Hair-pulling and skin-picking disorders affect an estimated 3% to 4% of Americans, Grant said. Patients obsessively pull out strands of hair or pick at their skin, often doing themselves real physical harm.
Memantine inhibits the activity of glutamate, one of the most abundant neurotransmitters in the brain.
Overly high levels of glutamate in the brain can cause nerve cells to become overexcited, and this has been associated with conditions like Alzheimer’s disease, Parkinson’s disease, Lou Gehrig’s disease and multiple sclerosis, according to the Cleveland Clinic.
Glutamate also has been linked to mental health problems like mood disorders and obsessive-compulsive disorder, the Cleveland Clinic says.

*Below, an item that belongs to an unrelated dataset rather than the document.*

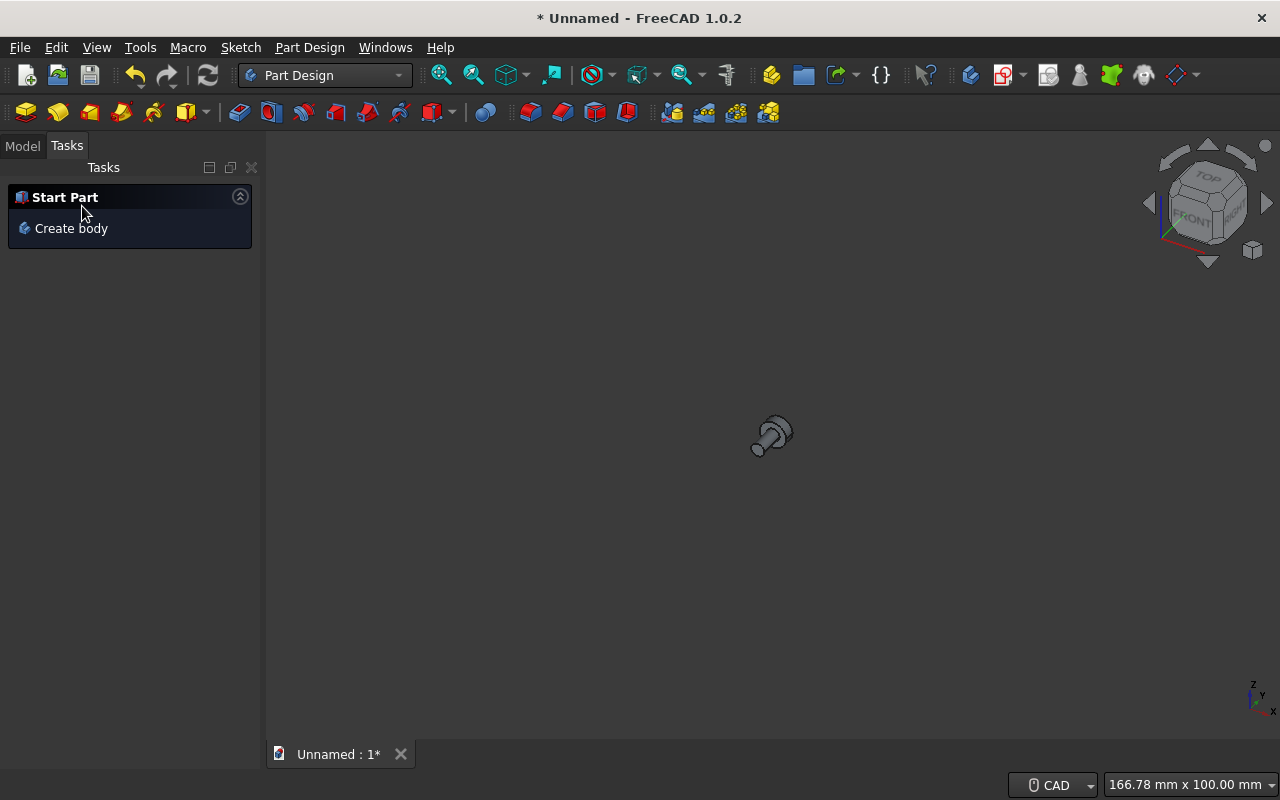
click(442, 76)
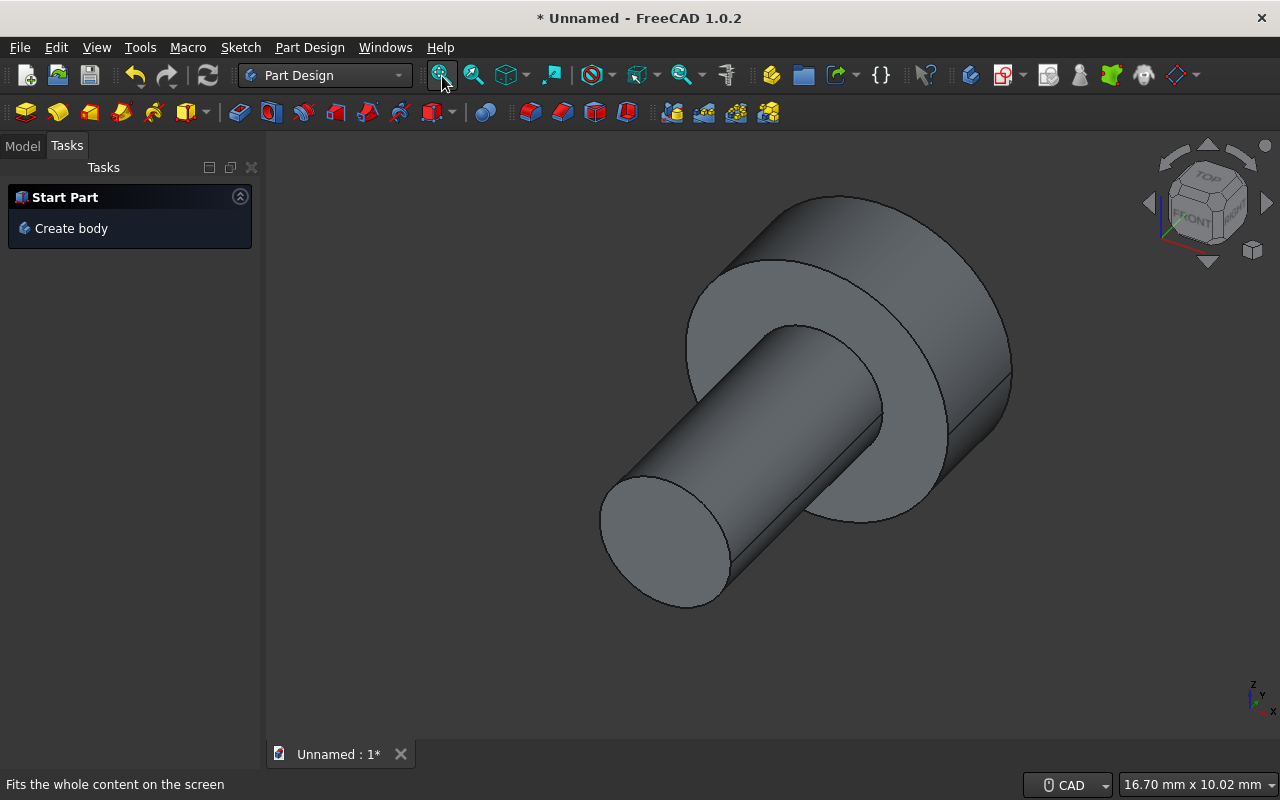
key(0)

The U.S. Food and Drug Administration approved memantine to treat moderate-to-severe Alzheimer’s in 2003, and it is now available as a generic medication.
But some psychiatrists have been prescribing memantine off-label to help treat obsessive-compulsive disorder, “which is sort of a cousin of hair pulling and skin picking,” Grant said.
That gave Grant an idea.
“Could a medication that affects glutamate -- such as this fairly innocuous Alzheimer's medication, which is generic, cheap and has a fairly innocuous side effect profile -- could this be beneficial” in treating trichotillomania and excoriation disorder? he said.
To test this notion, Grant and his colleagues recruited 100 adults with skin-picking or hair-pulling disorder, and randomly assigned them to take either memantine or a placebo for eight weeks.
Memantine treatment wound up “much or very much” improving symptoms in 60% of patients taking the drug, while only 8% of patients on placebo reported similar improvement.